«In un momento convulso di scadenze fiscali, e sempre nell’ottica di dare più respiro possibile ai contribuenti e ai professionisti che li seguono, riteniamo auspicabile da parte del ministero dell’economia concedere un periodo supplementare di tolleranza per l’invio delle dichiarazioni dei redditi per accedere al Fondo perequativo.»
Lo comunica in una nota Emiliano Fenu, capogruppo M5S in Commissione finanze del Senato.

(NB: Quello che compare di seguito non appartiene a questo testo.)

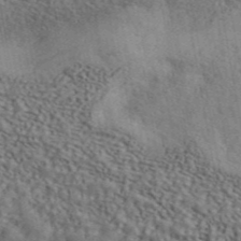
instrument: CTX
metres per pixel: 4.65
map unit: ANa
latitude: 43.5560
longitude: 48.6897
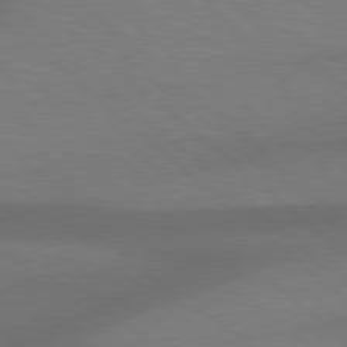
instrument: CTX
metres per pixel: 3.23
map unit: Hpe
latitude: 78.0255
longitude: -157.4426
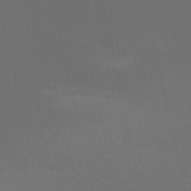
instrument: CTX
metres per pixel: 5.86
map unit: HNb
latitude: -51.2943
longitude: -44.8002
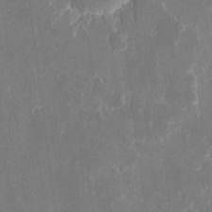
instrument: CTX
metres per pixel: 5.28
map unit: eHh
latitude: 9.6127
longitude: -69.2915
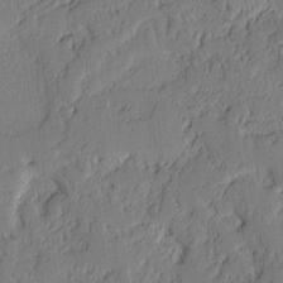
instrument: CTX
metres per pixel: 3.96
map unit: lAvf
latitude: -1.8801
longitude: -106.9136
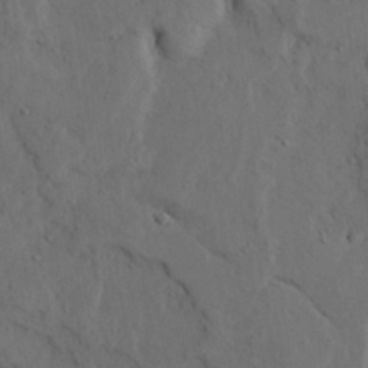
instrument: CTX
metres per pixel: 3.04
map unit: Ave
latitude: 23.4804
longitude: -134.6301
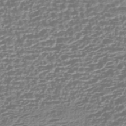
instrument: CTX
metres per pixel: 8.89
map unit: HNhu
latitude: -43.2753
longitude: 106.8408
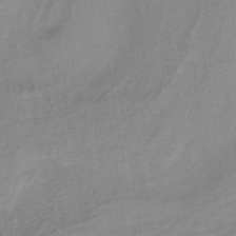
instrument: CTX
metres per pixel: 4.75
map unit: lHb
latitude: -34.1606
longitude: 64.4818
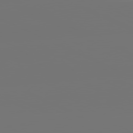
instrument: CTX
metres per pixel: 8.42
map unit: lApd
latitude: 81.1214
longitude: -152.4034
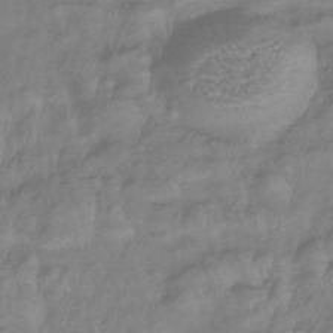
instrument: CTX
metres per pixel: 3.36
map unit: eHb
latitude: -42.7085
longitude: 82.1795
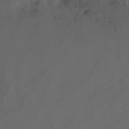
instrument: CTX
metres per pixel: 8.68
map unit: Nhu
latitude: -15.6533
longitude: -57.7449
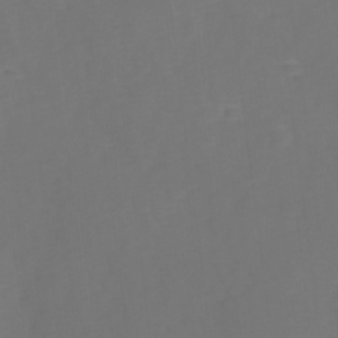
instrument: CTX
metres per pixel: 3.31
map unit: Ave
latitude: 0.9513
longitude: -113.4048
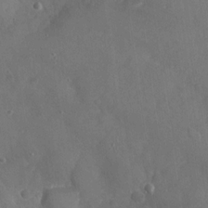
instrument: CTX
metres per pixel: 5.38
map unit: Nhu
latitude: -27.5777
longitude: -58.1956
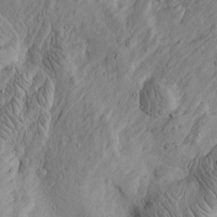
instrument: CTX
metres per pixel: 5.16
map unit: Htu
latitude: -3.9367
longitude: 157.2187
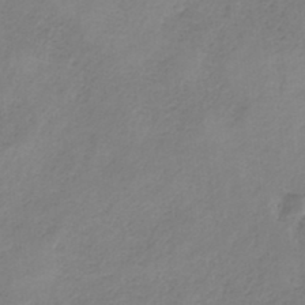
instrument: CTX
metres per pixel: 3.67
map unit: HNb
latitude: -33.6911
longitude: 56.8786
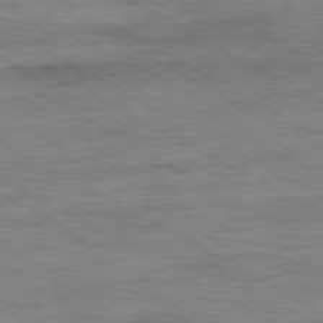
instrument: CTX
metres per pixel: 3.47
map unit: Ap
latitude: -80.5385
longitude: -77.0836

«Si tratta di tutti quegli operatori economici che, sulla base del meccanismo individuato dal Dl Sostegni bis, possono accedere ai suddetti contributi a fondo perduto a patto che abbiano subìto un peggioramento del risultato economico 2020 rispetto al 2019 – spiega l’esponente pentastellato -. Ora, gli studi professionali che seguono questi operatori sono tenuti a inviare le relative dichiarazioni dei redditi entro oggi, anche per non far correre il rischio ai loro clienti di non percepire il contributo. Ed è comprensibile. Tuttavia l’enorme carico di lavoro che si sta concentrando sugli studi professionali, come testualmente ricordato anche dal Dpcm che aveva differito ad oggi il termine per l’invio delle dichiarazioni e che è stato pubblicato in Gazzetta soltanto ieri sera, rende auspicabile prevedere un periodo di tolleranza, di 10 o 15 giorni oltre la data odierna, per consentire agli studi professionali di inviare in questo lasso ulteriore di tempo i documenti fiscali dei clienti evitando di mettere a repentaglio l’ottenimento dell’agevolazione.»